## Unsupervised Learning & Clustering Using K-Means

- *unsupervised learning*: ML where models trained using unlabeled dataset; allowed to act on data without supervision
    - goal -> find underlying structure of dataset -> group the data according to similarities and rep dataset in compressed format
   - *clustering*: grouping objects into clusters, such that objects w/ most similarities remains in a group and has less/no similarities w/ objects of another group; finds commonalities btwn data objects and categorizes them
   - *association*: finding relationships btwn variables in large database; determines set of items that occurs together in dataset; ideal for marketing (ie, people who buy X item also tend to purchase Y item); ie, Market Basket Analysis

### Clustering
- discover underlying structure of data; *unsupervised task = not predicting anything specific*
![mlclustering.png](attachment:mlclustering.png)

**Centroid-based clustering**: organizes data into non-hierarchical clusters
- *k-means*: most common type
- sensitive to initial conditions and outliers
![centroidclustering.png](attachment:centroidclustering.png)

**Density-based clustering**: connects areas of high example density into clusters
- allows for arbitrary-shaped distributions as long as dense areas can be connected
- has difficulty w/ data of varying densities and high dimensions
- do not assign outliers to clusters
![DBSCAN-density-data.svg.png](attachment:DBSCAN-density-data.svg.png)

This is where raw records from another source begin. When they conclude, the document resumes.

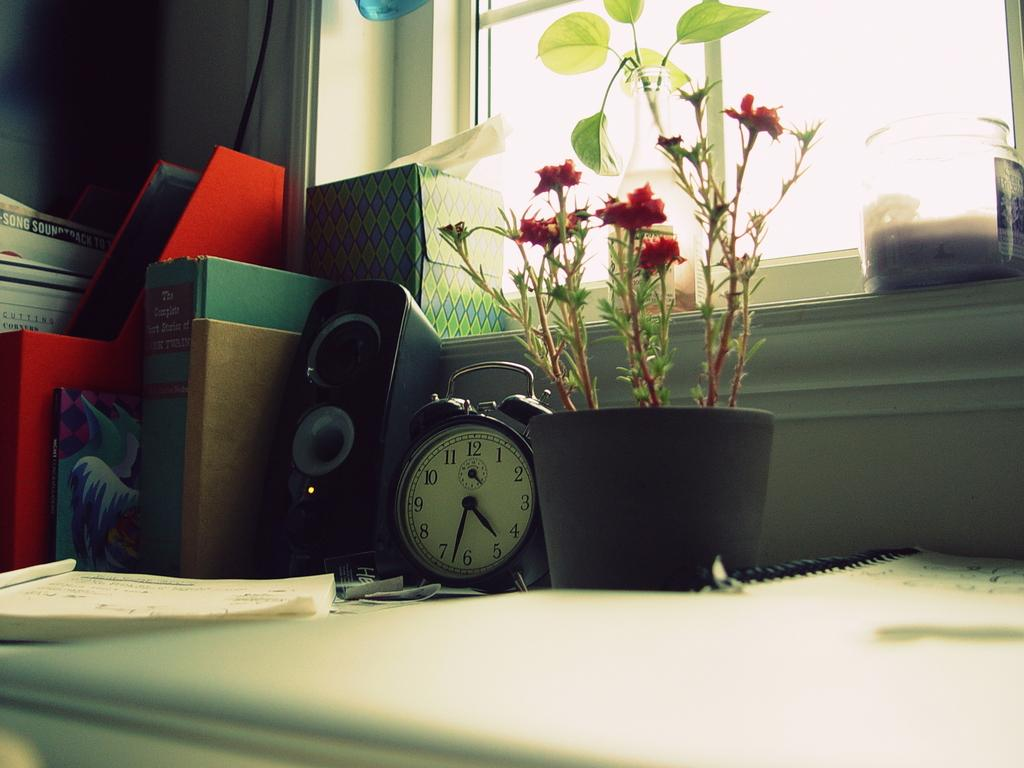<image>
Relay a brief, clear account of the picture shown. A clock by a plant shows a time of a bout 4:32. 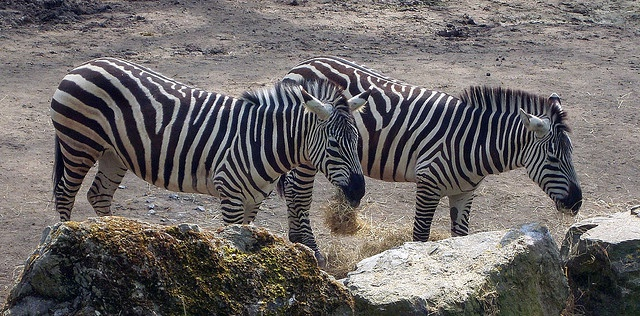Describe the objects in this image and their specific colors. I can see zebra in black, gray, darkgray, and lightgray tones and zebra in black, gray, darkgray, and lightgray tones in this image. 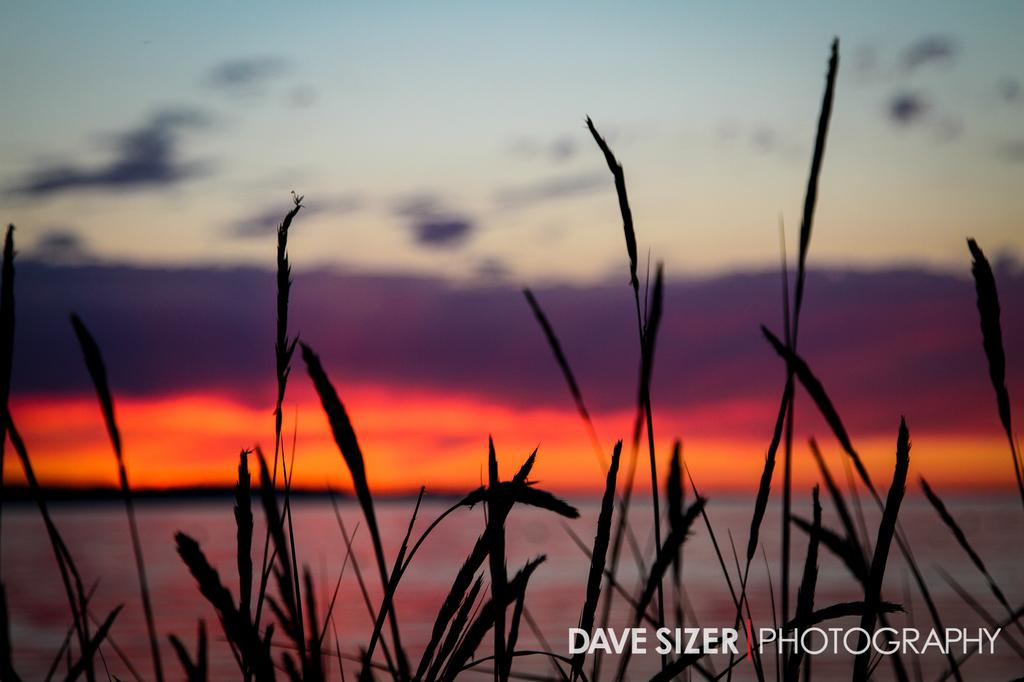What type of vegetation is present in the image? There is grass in the image. What part of the natural environment is visible in the image? The sky is visible at the top of the image. What type of sail is being used by the potato in the image? There is no potato or sail present in the image. What kind of apparatus is being used to measure the grass in the image? There is no apparatus present in the image for measuring the grass.

**Distribution-based clustering**: assumes data is composed of distributions (ie, Gaussian); as distance from center *increases*, probability that a point belongs to distribution *decreases*
- bands show decrease in probability
- if type of distribution is unknown, do not use this one
![distributionbased.jpg](attachment:distributionbased.jpg)

**Hierarchical clustering**: works best in data that is hierarchical; creates clusters in tree-like manner
![hierarchical-clustering-in-machine-learning12.png](attachment:hierarchical-clustering-in-machine-learning12.png)

### Clustering Using K-Means
**1.** select num of clusters you want to identify (k-value)
![image.png](attachment:image.png)

**2.** *randomly* select three distinct centroids
![image-2.png](attachment:image-2.png)

**3.** measure distance btwn first point to the three centroids
![image-3.png](attachment:image-3.png)

**4.** assign first point to nearest cluster
![image-4.png](attachment:image-4.png)

**5.** repeat step 4 and assign all points to nearest cluster
![image-5.png](attachment:image-5.png)

**6.** calculate mean of each cluster
![image-6.png](attachment:image-6.png)

**7.** repeat measure and clustering using mean values to verify if each point clustered correctly
![image-7.png](attachment:image-7.png)

**8.** assess quality of clustering by adding up variance within each cluster
![image-8.png](attachment:image-8.png)

**9.** repeat from step 2 to step 8 by randomly picking up 3 initial centroids; select the attempt of which the total variation is the smallest
![image-9.png](attachment:image-9.png)

**10.** how can we find best k-value? start w/ k=1 and increase k -> *plot reduction of variance as k increases using elbow plot*
- best k is located at the elbow of the plot -> reduction in variation
![image-10.png](attachment:image-10.png)